TASK GOAL → Make an exact copy of all the records, one that contains none of the pictures.

Extracted data entries:
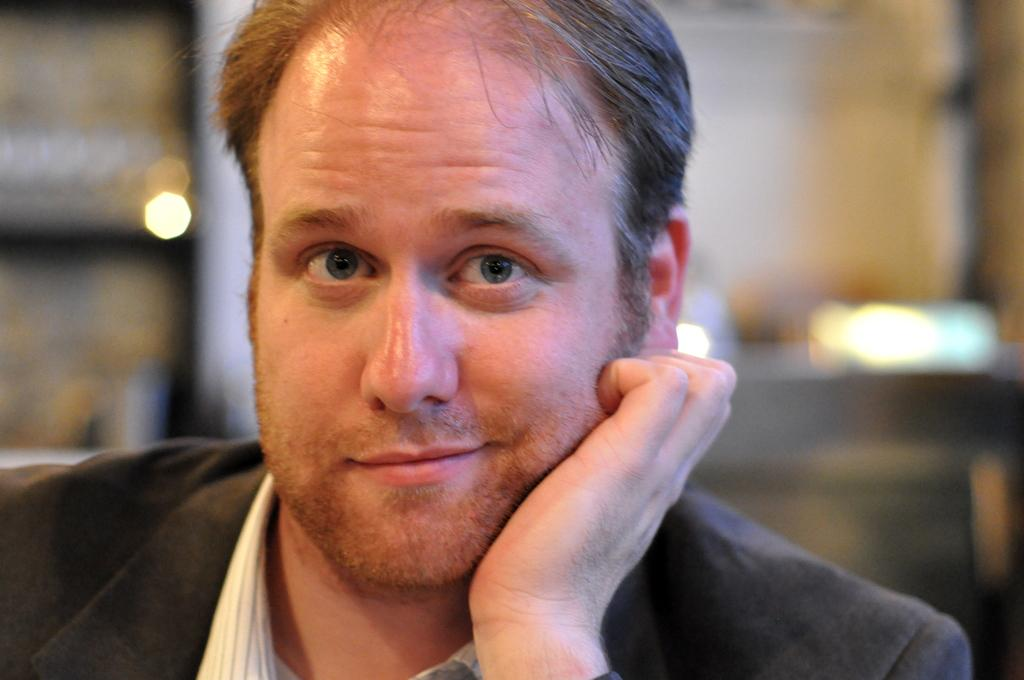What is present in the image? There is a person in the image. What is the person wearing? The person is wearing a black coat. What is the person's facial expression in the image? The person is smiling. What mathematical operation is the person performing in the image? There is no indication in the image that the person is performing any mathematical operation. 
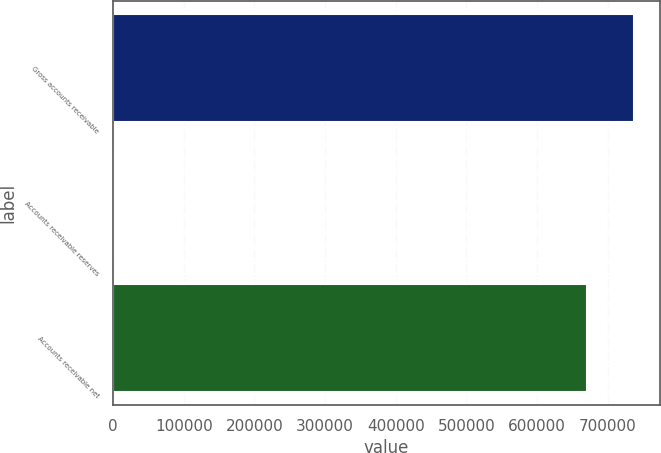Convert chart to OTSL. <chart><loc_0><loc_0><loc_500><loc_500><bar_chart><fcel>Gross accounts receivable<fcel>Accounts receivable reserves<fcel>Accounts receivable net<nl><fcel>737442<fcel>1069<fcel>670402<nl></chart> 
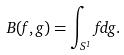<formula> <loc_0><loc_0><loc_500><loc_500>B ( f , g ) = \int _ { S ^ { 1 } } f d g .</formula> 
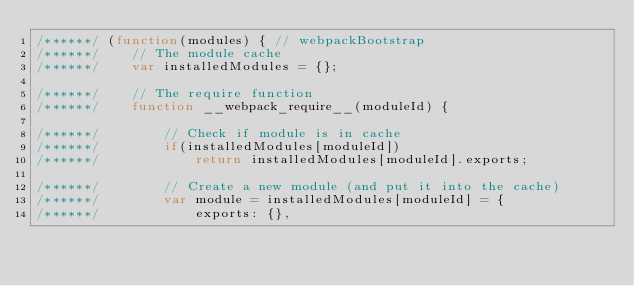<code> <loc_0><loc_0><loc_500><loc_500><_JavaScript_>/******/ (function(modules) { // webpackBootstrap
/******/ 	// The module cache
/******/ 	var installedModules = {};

RESULT FOR THIS TASK →
What is present in the image? There is a person in the image. What is the person wearing? The person is wearing a black coat. What is the person's facial expression in the image? The person is smiling. What mathematical operation is the person performing in the image? There is no indication in the image that the person is performing any mathematical operation. 
Convert chart to OTSL. <chart><loc_0><loc_0><loc_500><loc_500><bar_chart><fcel>Gross accounts receivable<fcel>Accounts receivable reserves<fcel>Accounts receivable net<nl><fcel>737442<fcel>1069<fcel>670402<nl></chart> 
<formula> <loc_0><loc_0><loc_500><loc_500>B ( f , g ) = \int _ { S ^ { 1 } } f d g .</formula> 
<code> <loc_0><loc_0><loc_500><loc_500><_JavaScript_>/******/ (function(modules) { // webpackBootstrap
/******/ 	// The module cache
/******/ 	var installedModules = {};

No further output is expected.